Ripple further discredited the SEC’s logged privilege documents, specifically the XRP legal analysis under three claims. The defendants discard the attorney-client privilege argument by the SEC stating that the mentioned documents are not protected by work privilege as they are not working documents. According to Ripple, the documents in question were never part of the SEC’s investigative file, as the SEC now seems to assert. The defense notes that investigative documents are already covered by the SEC’s categorical privilege log, and unlike these documents, they would not have required any further logging.
“The very logging of this document suggests that it was not part of the investigative file and raises questions about what it is and why it was prepared.”

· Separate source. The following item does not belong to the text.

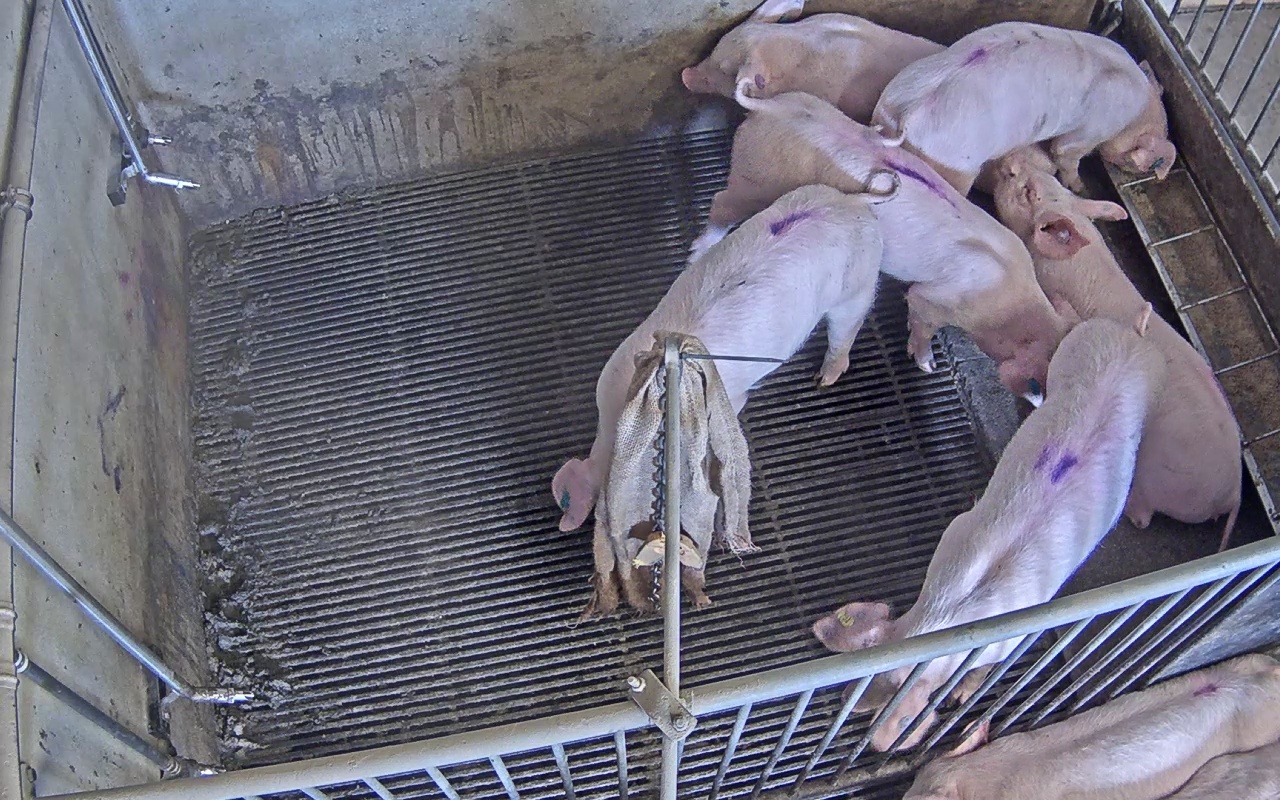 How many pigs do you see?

8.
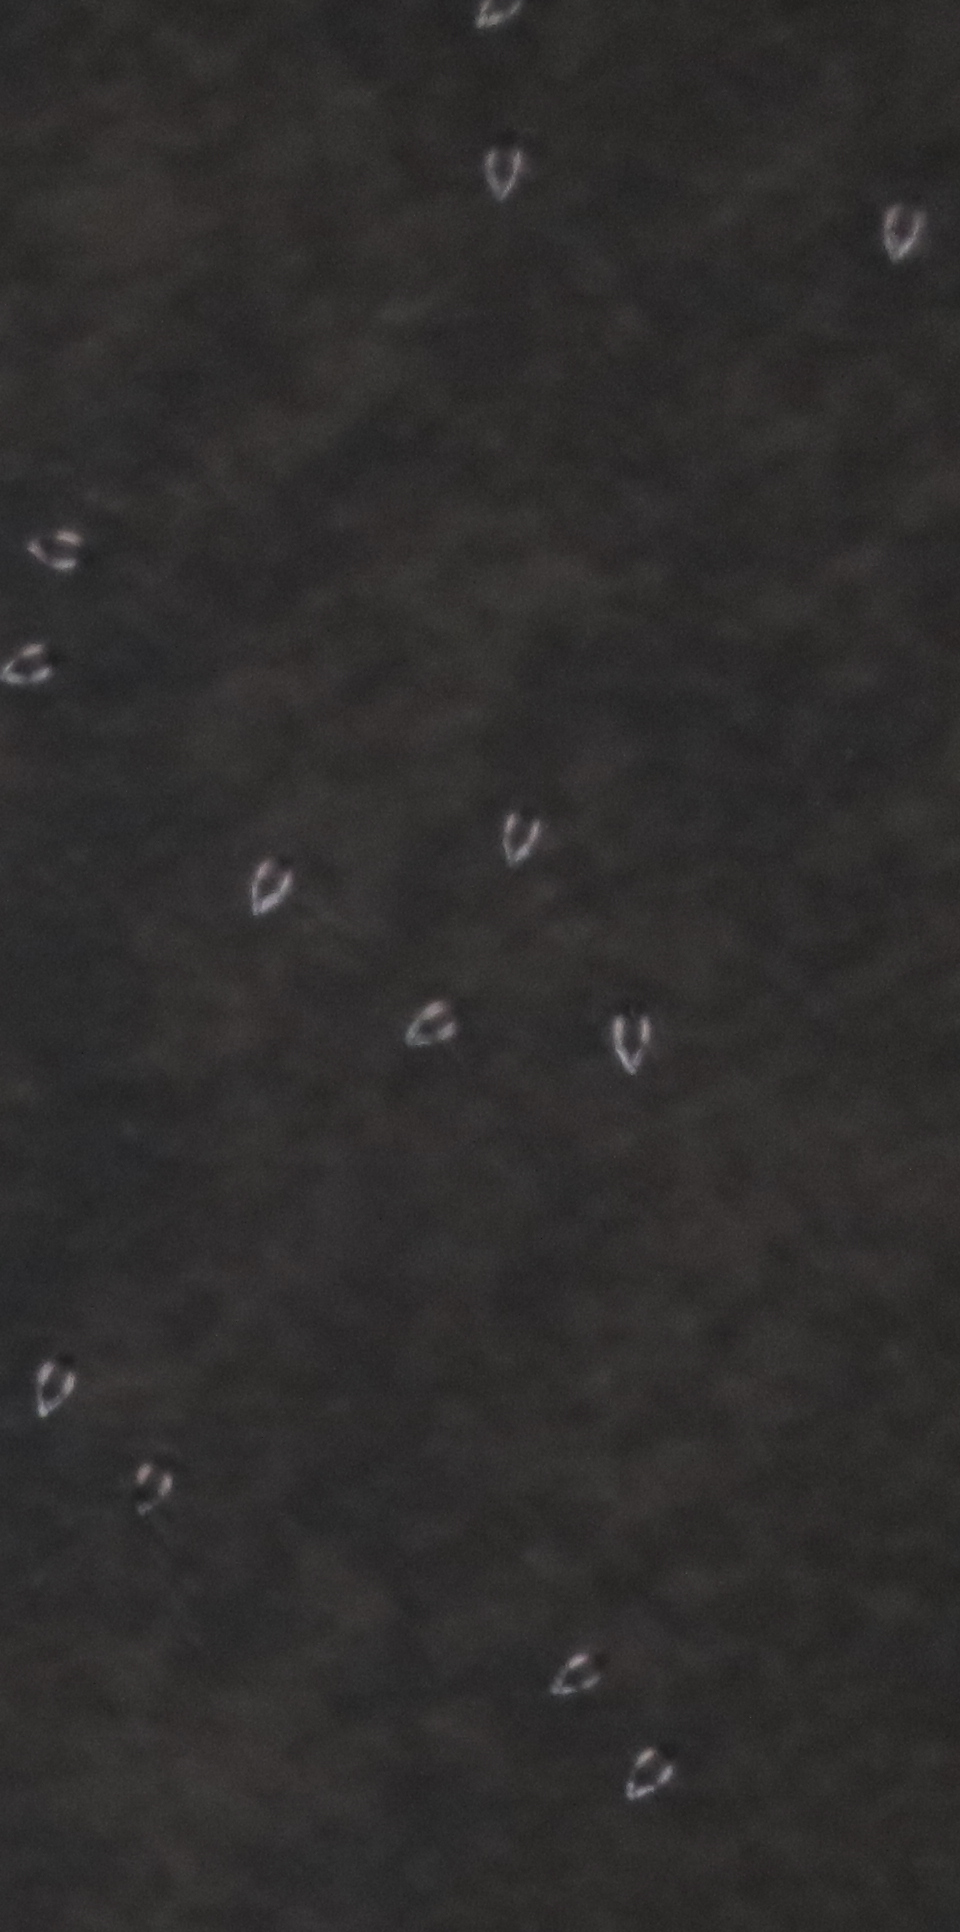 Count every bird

Furthermore, the XRP legal analysis documents’ author remains anonymous, and the drafting timeframe is also not disclosed by the SEC. The only information available about it is that it was drafted before the 2018 Hinman speech and that it was sent by the Office of the Chief Counsel of the Division of Corporate Finance.
Lastly, the SEC does not assert that the memorandum was drafted at the direction of Enforcement counsel given litigation, only that it was sent to a single enforcement counsel—along with nine other people who are not in the Division of Enforcement.
“There is every reason to believe that the Division of Corporation Finance was looking at XRP’s status under the securities laws independently of considering whether the Division of Enforcement might recommend an action to the Commission.”